En soins palliatifs, le plus important est cette qualité humaine, cette présence au moment décisif que le soignant peut offrir. C’est extrêmement difficile. Un suivi et une écoute de ces professionnels sont en général organisés dans ces services compte tenu de la proximité constante avec la mort. Une infirmière me raconte ce qu’elle a vécu dans une unité de soins palliatifs :
‘est très violent de voir comment les patients sentent qu’ils vont mourir et la manière dont ils réagissent : j’ai remarqué que, souvent, même lorsqu’ils n’étaient qu’à demi conscients, ils ôtaient tous leurs habits, comme un réflexe, et se retrouvaient entièrement nus. Cela, c’est un signe que la mort est imminente. C’est très violent pour moi à chaque fois de les voir faire cela, pour l’équipe en général. C’est très violent aussi pour les membres de la famille de voir leur proche tout nu, mais, lorsqu’on essaie de le couvrir, par pudeur, il n’est pas rare que le patient se découvre à nouveau. »


La question du respect et de la pudeur dus aux personnes en fin de vie est cruciale.
À l’occasion de la mort, les soignants remarquent effectivement les manquements institutionnels, les laisser-aller qui prennent tout à coup de la valeur en ce qu’ils révèlent parfois l’oubli du sujet, l’oubli du respect dû à la personne.
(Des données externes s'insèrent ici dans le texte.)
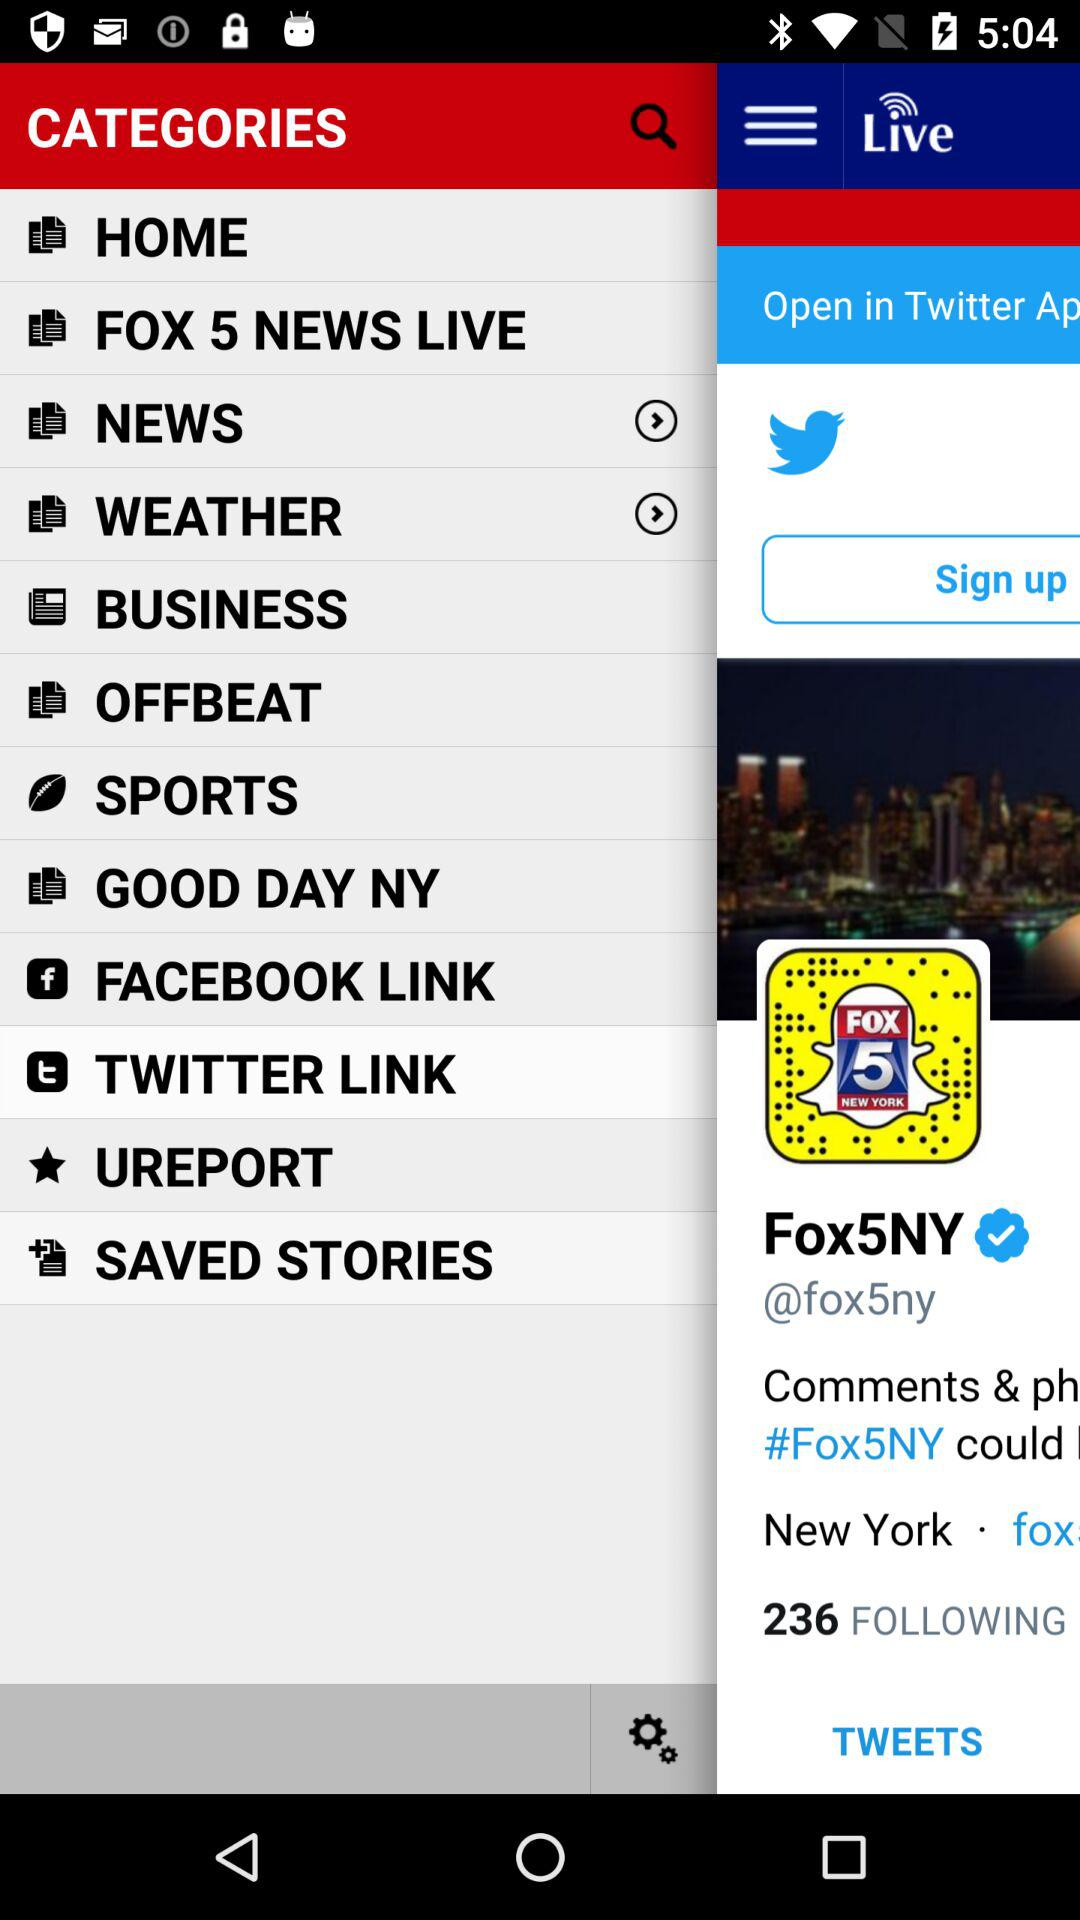How many people is "Fox5NY" following? "Fox5NY" is following 236 people. 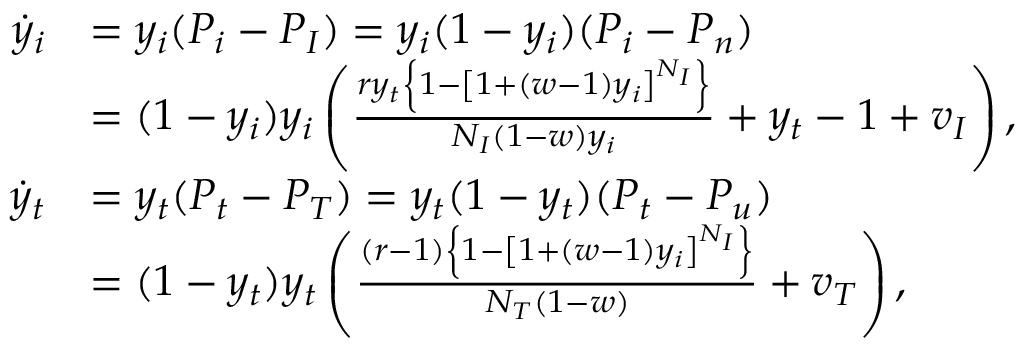<formula> <loc_0><loc_0><loc_500><loc_500>\begin{array} { r l } { \dot { y } _ { i } } & { = y _ { i } ( P _ { i } - P _ { I } ) = y _ { i } ( 1 - y _ { i } ) ( P _ { i } - P _ { n } ) } \\ & { = ( 1 - y _ { i } ) y _ { i } \left ( \frac { r y _ { t } \left \{ 1 - \left [ 1 + ( w - 1 ) y _ { i } \right ] ^ { N _ { I } } \right \} } { N _ { I } ( 1 - w ) y _ { i } } + y _ { t } - 1 + v _ { I } \right ) , } \\ { \dot { y } _ { t } } & { = y _ { t } ( P _ { t } - P _ { T } ) = y _ { t } ( 1 - y _ { t } ) ( P _ { t } - P _ { u } ) } \\ & { = ( 1 - y _ { t } ) y _ { t } \left ( \frac { ( r - 1 ) \left \{ 1 - \left [ 1 + ( w - 1 ) y _ { i } \right ] ^ { N _ { I } } \right \} } { N _ { T } ( 1 - w ) } + v _ { T } \right ) , } \end{array}</formula> 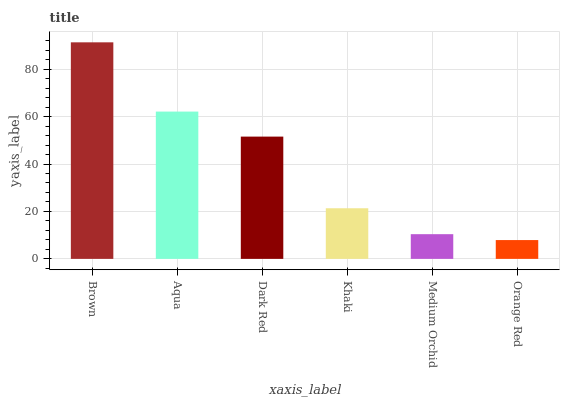Is Orange Red the minimum?
Answer yes or no. Yes. Is Brown the maximum?
Answer yes or no. Yes. Is Aqua the minimum?
Answer yes or no. No. Is Aqua the maximum?
Answer yes or no. No. Is Brown greater than Aqua?
Answer yes or no. Yes. Is Aqua less than Brown?
Answer yes or no. Yes. Is Aqua greater than Brown?
Answer yes or no. No. Is Brown less than Aqua?
Answer yes or no. No. Is Dark Red the high median?
Answer yes or no. Yes. Is Khaki the low median?
Answer yes or no. Yes. Is Orange Red the high median?
Answer yes or no. No. Is Brown the low median?
Answer yes or no. No.

Ainsi, au moment de la grande canicule à Paris en août 2003, des soignants d’une maison de retraite remarquent que certaines personnes âgées n’avaient pas d’habits convenables dans lesquels ils pouvaient être enterrés. L’une des soignantes raconte les larmes aux yeux qu’elle a été obligée de mettre les habits d’une autre résidente à une personne décédée, seule, sans famille. La question soulevée est celle de la dignité de la personne jusque dans la mort. La violence ressentie par la soignante est justifiée : la situation révélait l’état de négligence humaine, d’abandon affectif, même si les soins étaient correctement dispensés, dans lesquels s’est trouvée cette personne âgée jusqu’au dernier moment et qui n’a pas été vraiment pris en compte de son vivant. Chacun avait sa part de responsabilité dans ce drame et la soignante venait de prendre la mesure de la sienne en parlant, avec émotion et beaucoup de cœur, de la pénible prise de conscience qui s’était opérée pour elle à l’occasion de cette mort.